▸ Aim of the exercise: Begin at the top of the entries below and write out every line through the one containing "text Nadere informatie [248, 730, 1152, 756]", excluding pictures.

▸ Provided data:
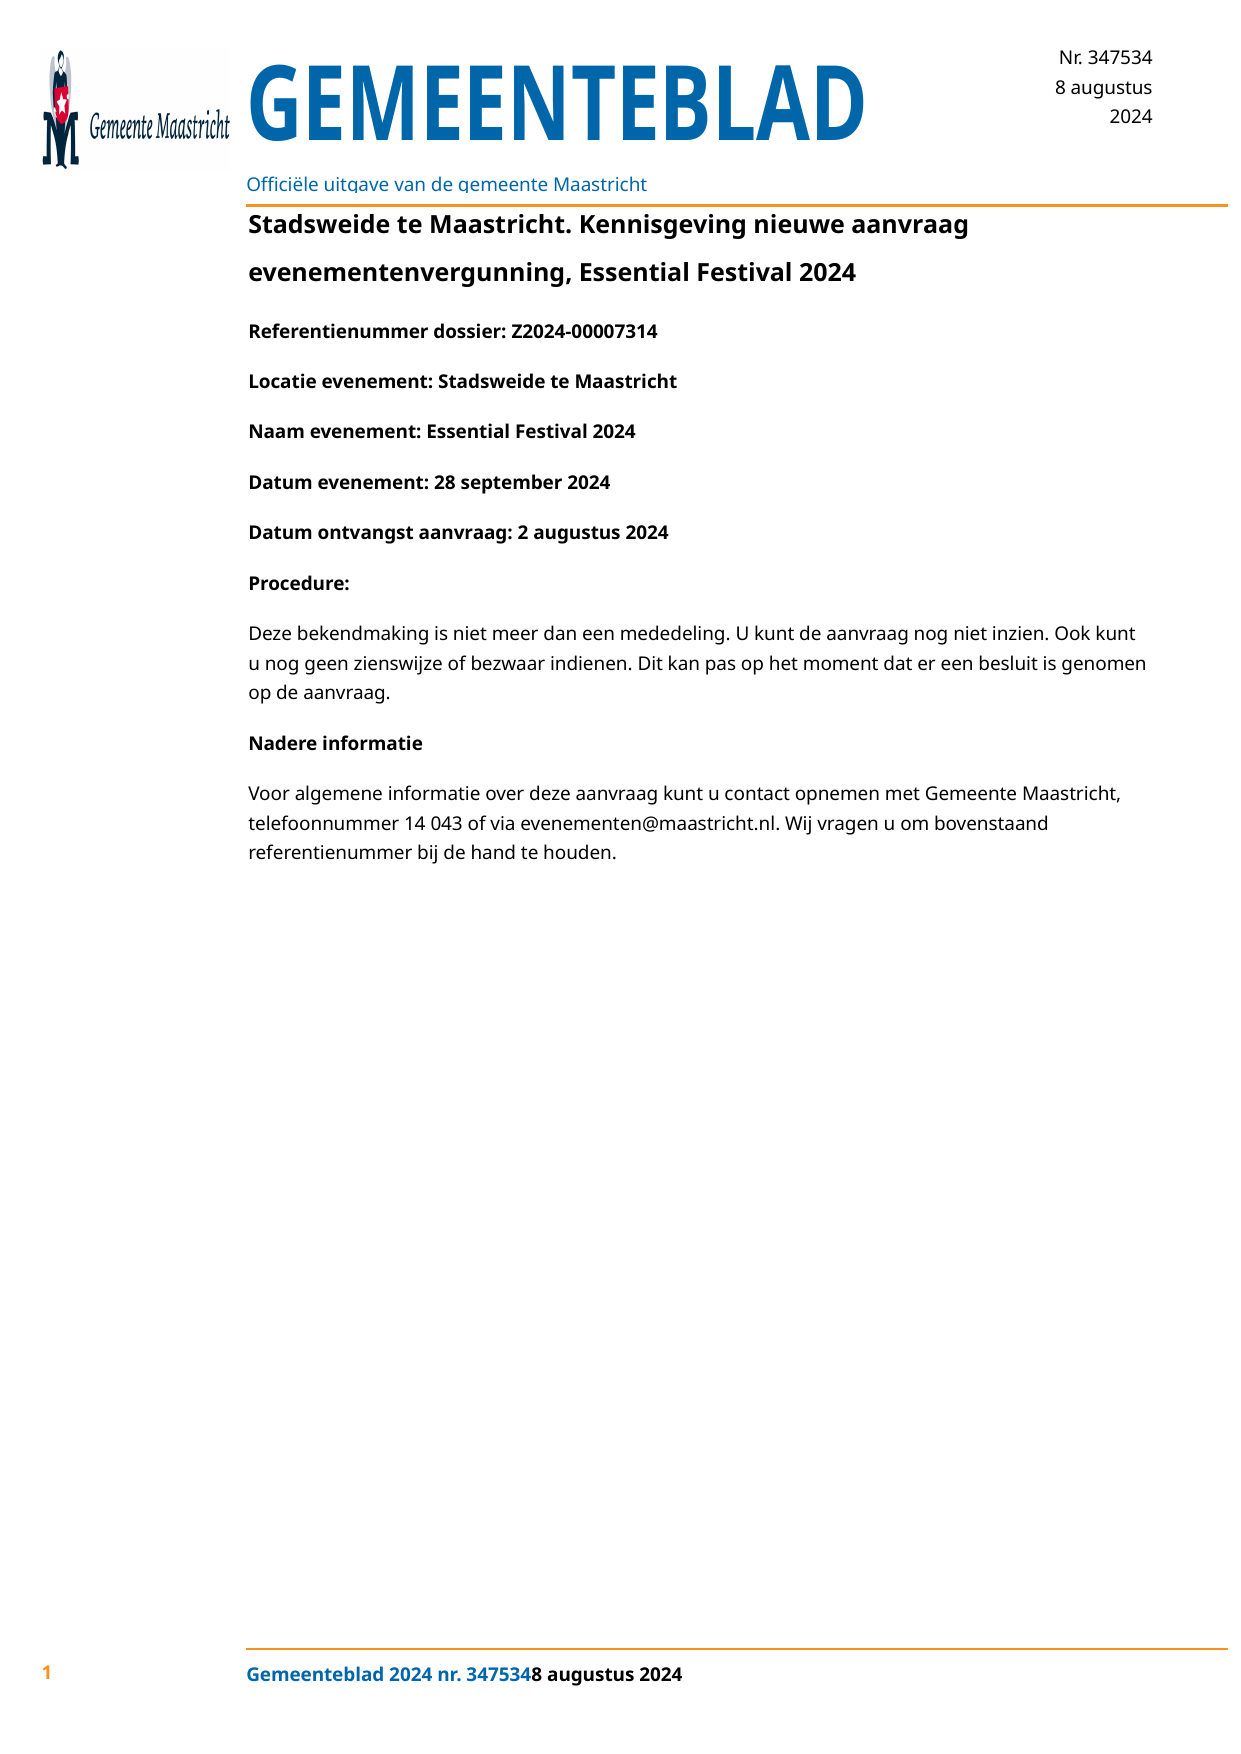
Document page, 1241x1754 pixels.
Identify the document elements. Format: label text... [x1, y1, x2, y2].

text Procedure: [248, 570, 1152, 596]
text Locatie evenement: Stadsweide te Maastricht [248, 368, 1152, 394]
text Stadsweide te Maastricht. Kennisgeving nieuwe aanvraag evenementenvergunning, Essential Festival 2024 [248, 207, 1152, 288]
text Nadere informatie [248, 730, 1152, 756]
text Referentienummer dossier: Z2024-00007314 [248, 318, 1152, 344]
picture [41, 47, 231, 172]
text Datum evenement: 28 september 2024 [248, 469, 1152, 495]
text Naam evenement: Essential Festival 2024 [248, 419, 1152, 444]
text Datum ontvangst aanvraag: 2 augustus 2024 [248, 519, 1152, 545]
text Voor algemene informatie over deze aanvraag kunt u contact opnemen met Gemeente Maastricht, telefoonnummer 14 043 of via evenementen@maastricht.nl. Wij vragen u om bovenstaand referentienummer bij de hand te houden. [248, 780, 1152, 865]
text Deze bekendmaking is niet meer dan een mededeling. U kunt de aanvraag nog niet inzien. Ook kunt u nog geen zienswijze of bezwaar indienen. Dit kan pas op het moment dat er een besluit is genomen op de aanvraag. [248, 620, 1152, 705]
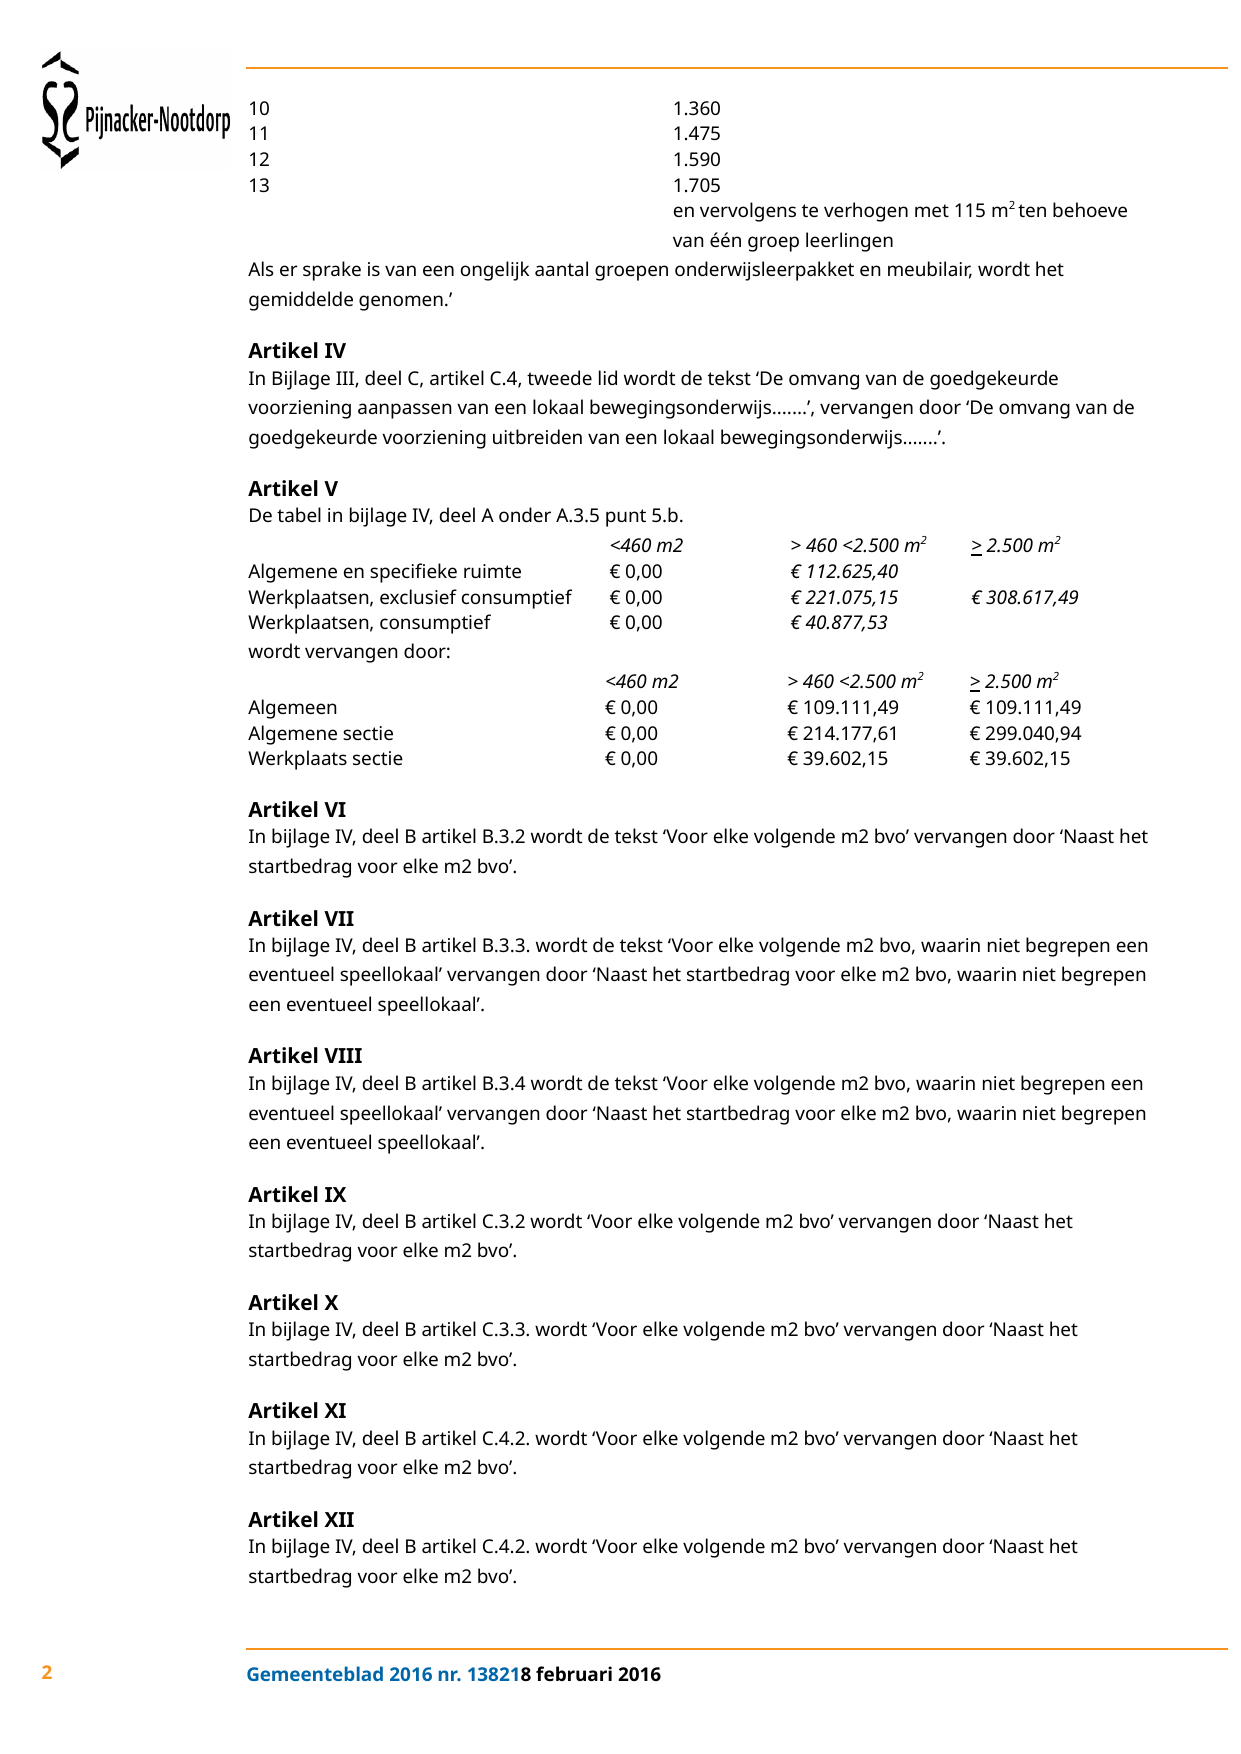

▸ Result for this exercise:
Document page, 1241x1754 pixels.
Identify the document elements. Format: label text... [x1, y1, x2, y2].

text Procedure: [248, 570, 1152, 596]
text Locatie evenement: Stadsweide te Maastricht [248, 368, 1152, 394]
text Stadsweide te Maastricht. Kennisgeving nieuwe aanvraag evenementenvergunning, Essential Festival 2024 [248, 207, 1152, 288]
text Nadere informatie [248, 730, 1152, 756]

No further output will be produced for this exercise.